>>>

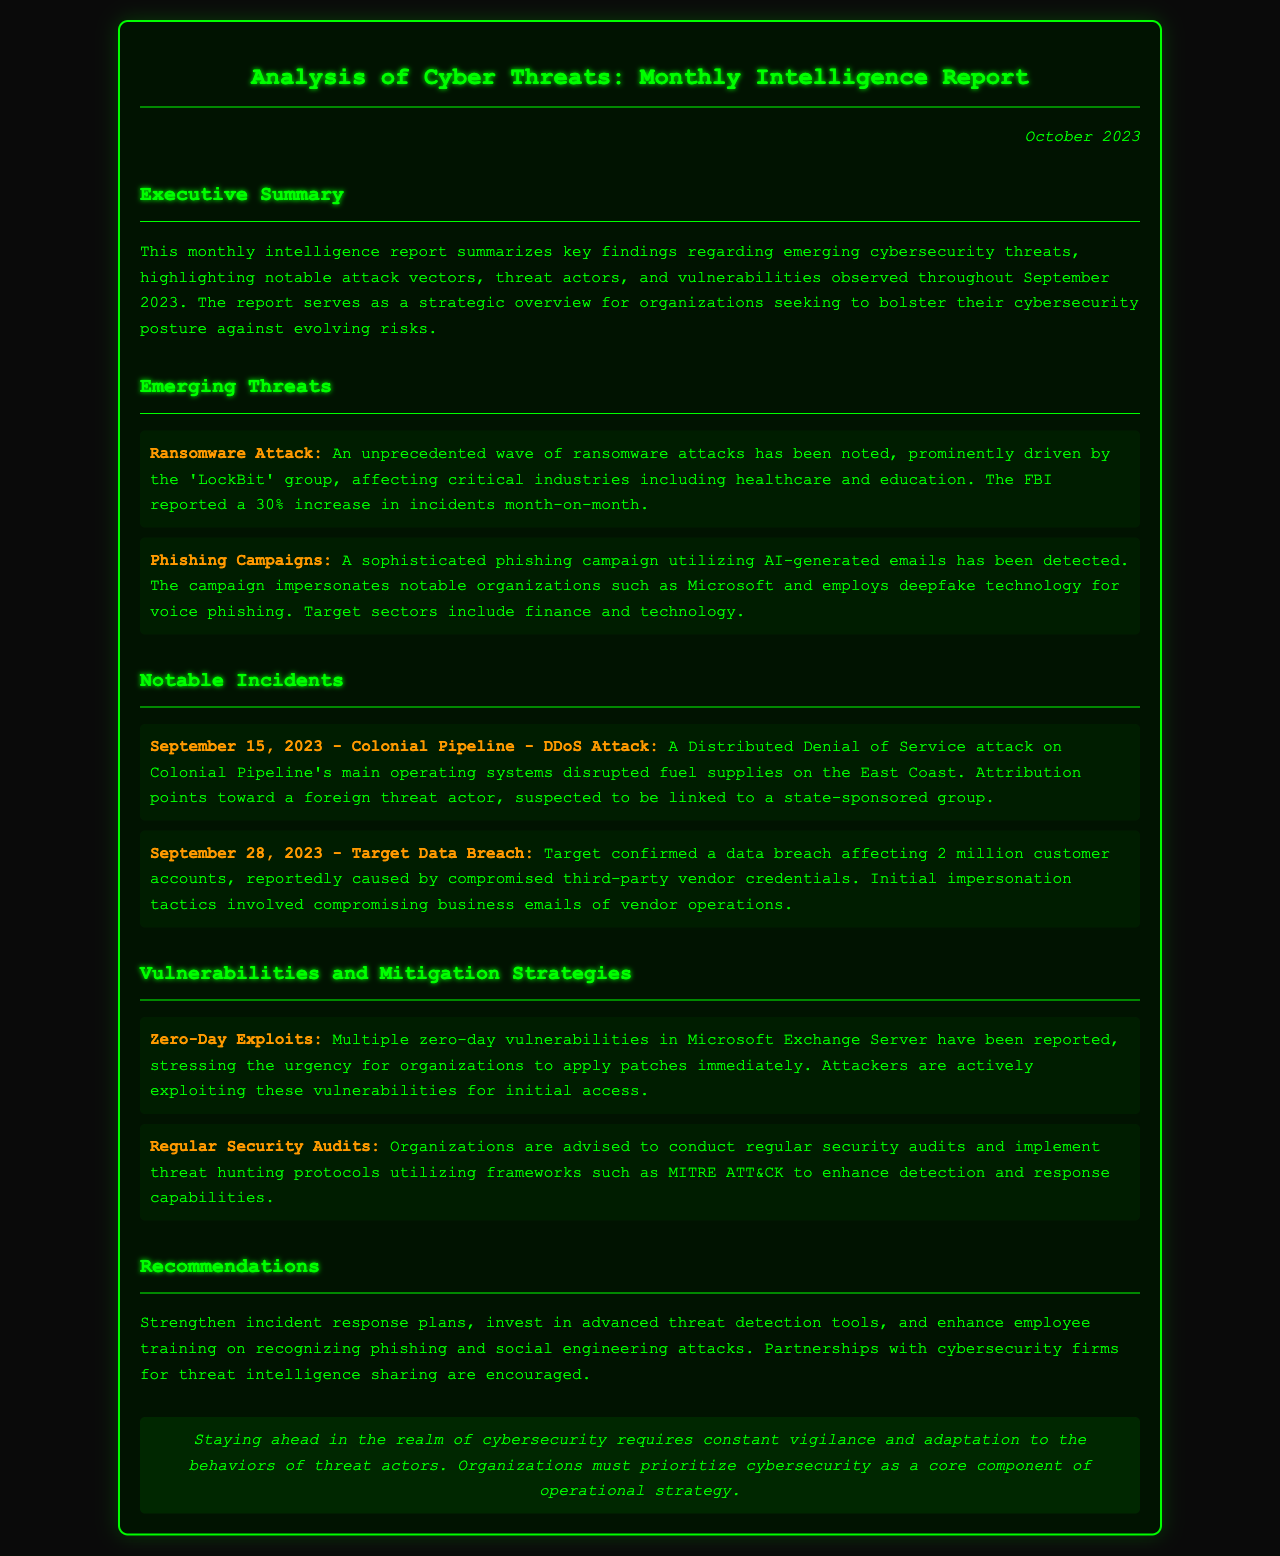What notable group is associated with the recent ransomware attacks? The report mentions the 'LockBit' group as prominently driving the recent ransomware attacks.
Answer: LockBit What percentage increase in ransomware incidents was reported by the FBI? The document states that the FBI reported a 30% increase in ransomware incidents month-on-month.
Answer: 30% What type of attack disrupted Colonial Pipeline's fuel supplies? The attack on Colonial Pipeline's operating systems was a Distributed Denial of Service attack.
Answer: DDoS Attack On what date did the Target data breach occur? The document specifies that the Target data breach occurred on September 28, 2023.
Answer: September 28, 2023 What is one recommended strategy for organizations to enhance cybersecurity? The report suggests conducting regular security audits to enhance detection and response capabilities.
Answer: Regular Security Audits Which technology was used in the sophisticated phishing campaign? The phishing campaign utilized deepfake technology for voice phishing.
Answer: Deepfake technology What urgent action is advised for vulnerabilities in Microsoft Exchange Server? Organizations are urged to apply patches immediately for the reported zero-day vulnerabilities.
Answer: Apply patches immediately What is the document's purpose? The report serves as a strategic overview for organizations seeking to bolster their cybersecurity posture against evolving risks.
Answer: Strategic overview 
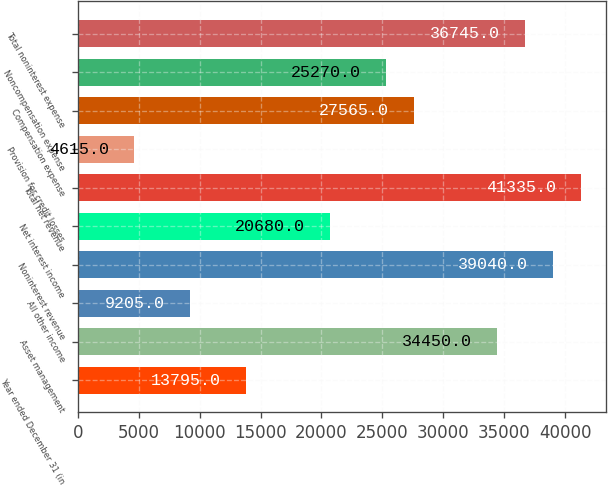Convert chart. <chart><loc_0><loc_0><loc_500><loc_500><bar_chart><fcel>Year ended December 31 (in<fcel>Asset management<fcel>All other income<fcel>Noninterest revenue<fcel>Net interest income<fcel>Total net revenue<fcel>Provision for credit losses<fcel>Compensation expense<fcel>Noncompensation expense<fcel>Total noninterest expense<nl><fcel>13795<fcel>34450<fcel>9205<fcel>39040<fcel>20680<fcel>41335<fcel>4615<fcel>27565<fcel>25270<fcel>36745<nl></chart>

<<<

In your transcription of the listing above, match each line exactly and include no pictures.

Solution to this exercise.
What notable group is associated with the recent ransomware attacks? The report mentions the 'LockBit' group as prominently driving the recent ransomware attacks.
Answer: LockBit What percentage increase in ransomware incidents was reported by the FBI? The document states that the FBI reported a 30% increase in ransomware incidents month-on-month.
Answer: 30% What type of attack disrupted Colonial Pipeline's fuel supplies? The attack on Colonial Pipeline's operating systems was a Distributed Denial of Service attack.
Answer: DDoS Attack On what date did the Target data breach occur? The document specifies that the Target data breach occurred on September 28, 2023.
Answer: September 28, 2023 What is one recommended strategy for organizations to enhance cybersecurity? The report suggests conducting regular security audits to enhance detection and response capabilities.
Answer: Regular Security Audits Which technology was used in the sophisticated phishing campaign? The phishing campaign utilized deepfake technology for voice phishing.
Answer: Deepfake technology What urgent action is advised for vulnerabilities in Microsoft Exchange Server? Organizations are urged to apply patches immediately for the reported zero-day vulnerabilities.
Answer: Apply patches immediately What is the document's purpose? The report serves as a strategic overview for organizations seeking to bolster their cybersecurity posture against evolving risks.
Answer: Strategic overview 
Convert chart. <chart><loc_0><loc_0><loc_500><loc_500><bar_chart><fcel>Year ended December 31 (in<fcel>Asset management<fcel>All other income<fcel>Noninterest revenue<fcel>Net interest income<fcel>Total net revenue<fcel>Provision for credit losses<fcel>Compensation expense<fcel>Noncompensation expense<fcel>Total noninterest expense<nl><fcel>13795<fcel>34450<fcel>9205<fcel>39040<fcel>20680<fcel>41335<fcel>4615<fcel>27565<fcel>25270<fcel>36745<nl></chart>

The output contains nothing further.